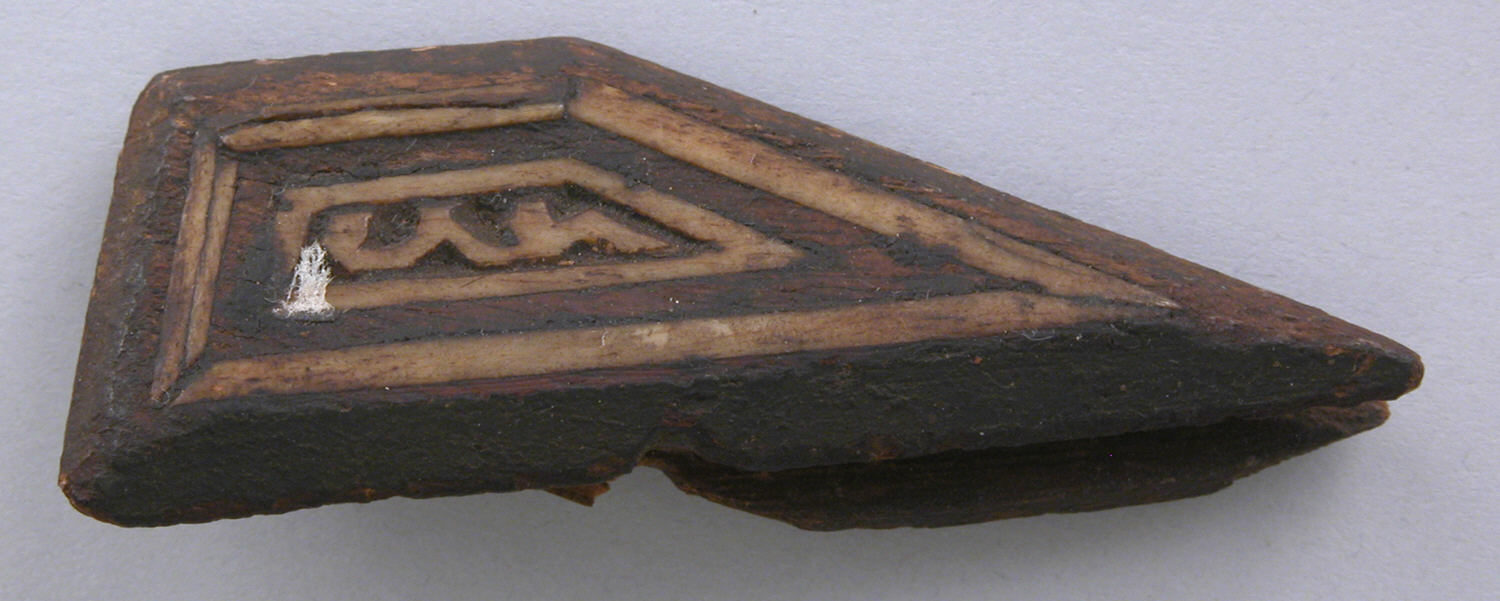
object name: panel
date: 1301-1500
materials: ivory, wood
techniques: carving, inlay
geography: egypt
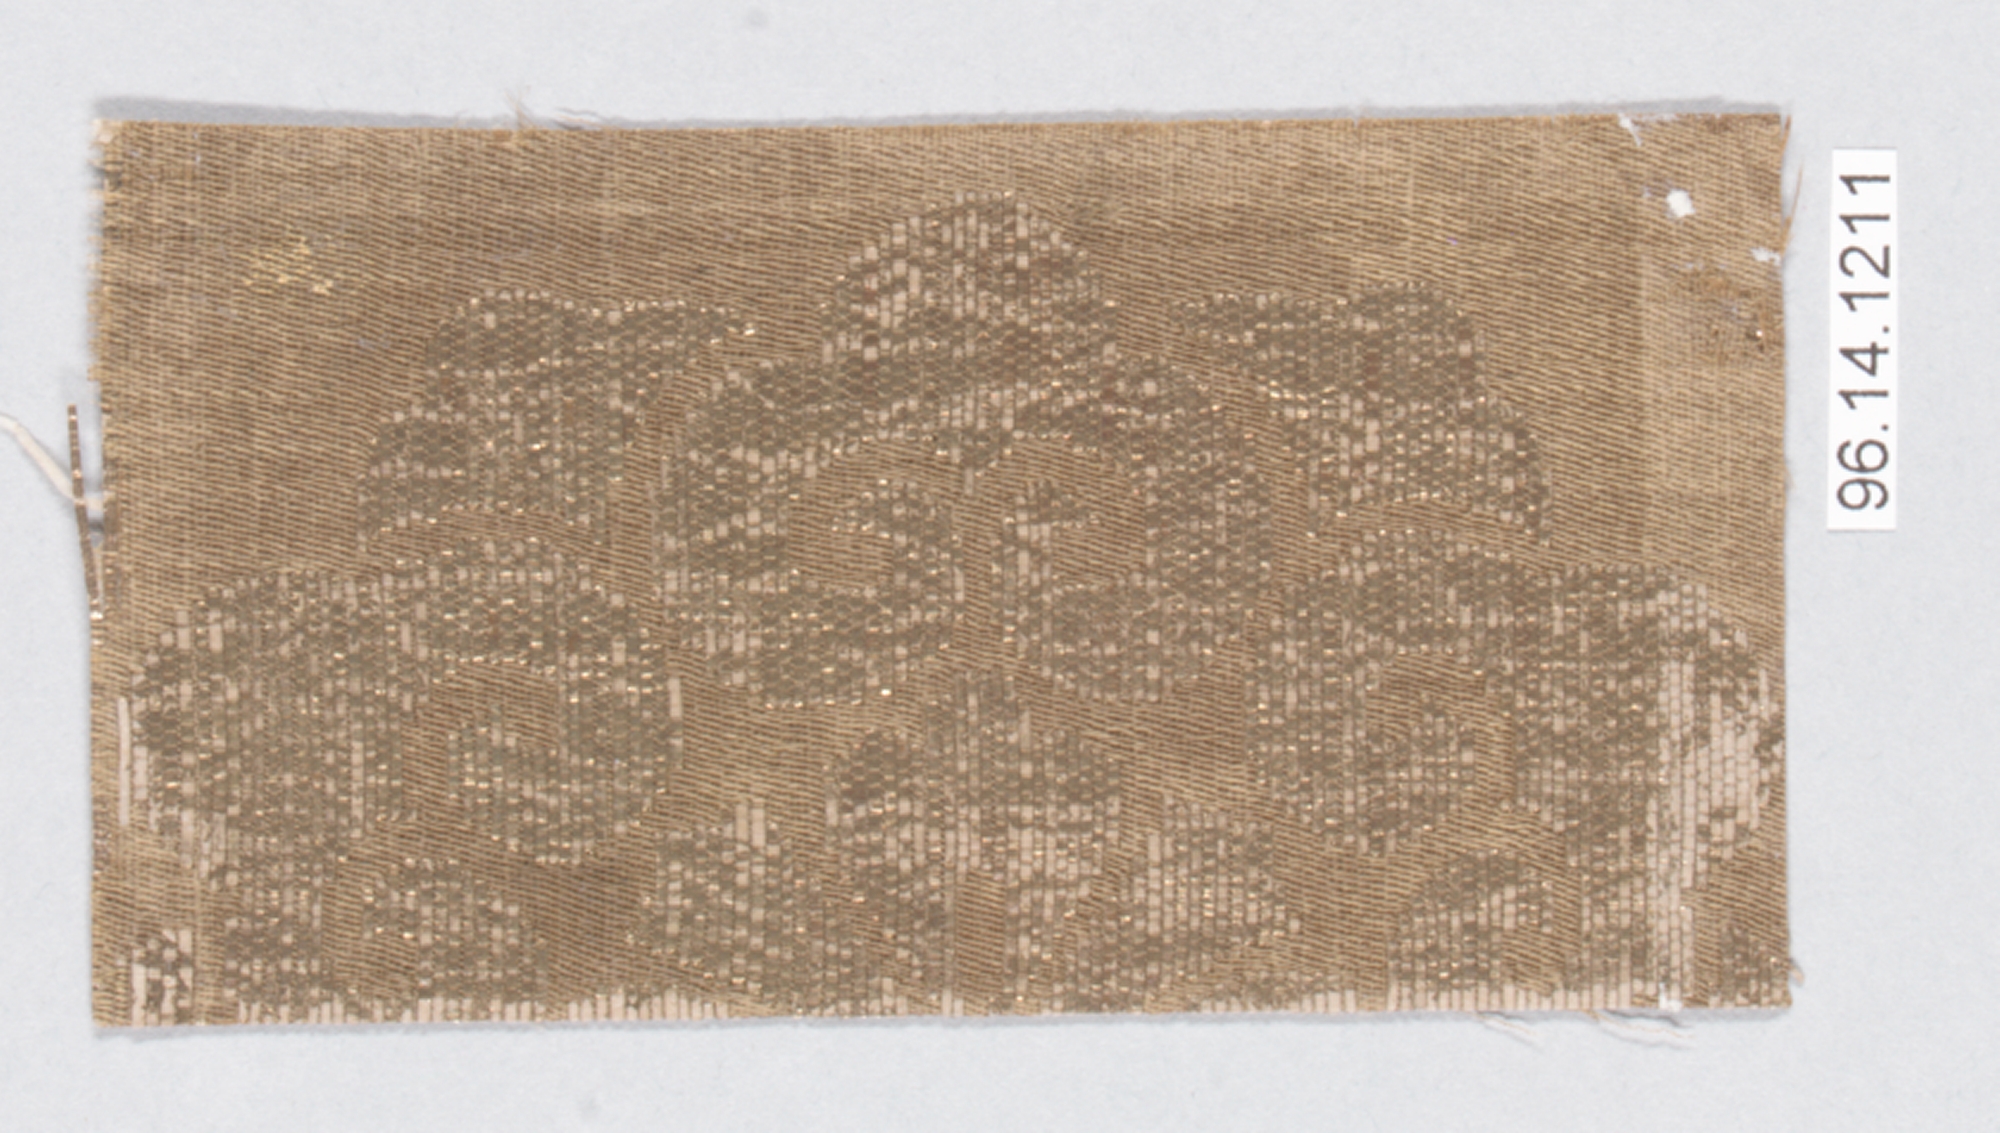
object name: piece
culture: japanese
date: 1801-1900
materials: metal thread, silk

:::

● **What you have to do**: The lines to copy begin at the one containing "techniques: carving, inlay" and end at the last line of the records. Set down exactly those lines and no others, both ends included, and omit all pictures.

● **Result of this task**:
techniques: carving, inlay
geography: egypt
object name: piece
culture: japanese
date: 1801-1900
materials: metal thread, silk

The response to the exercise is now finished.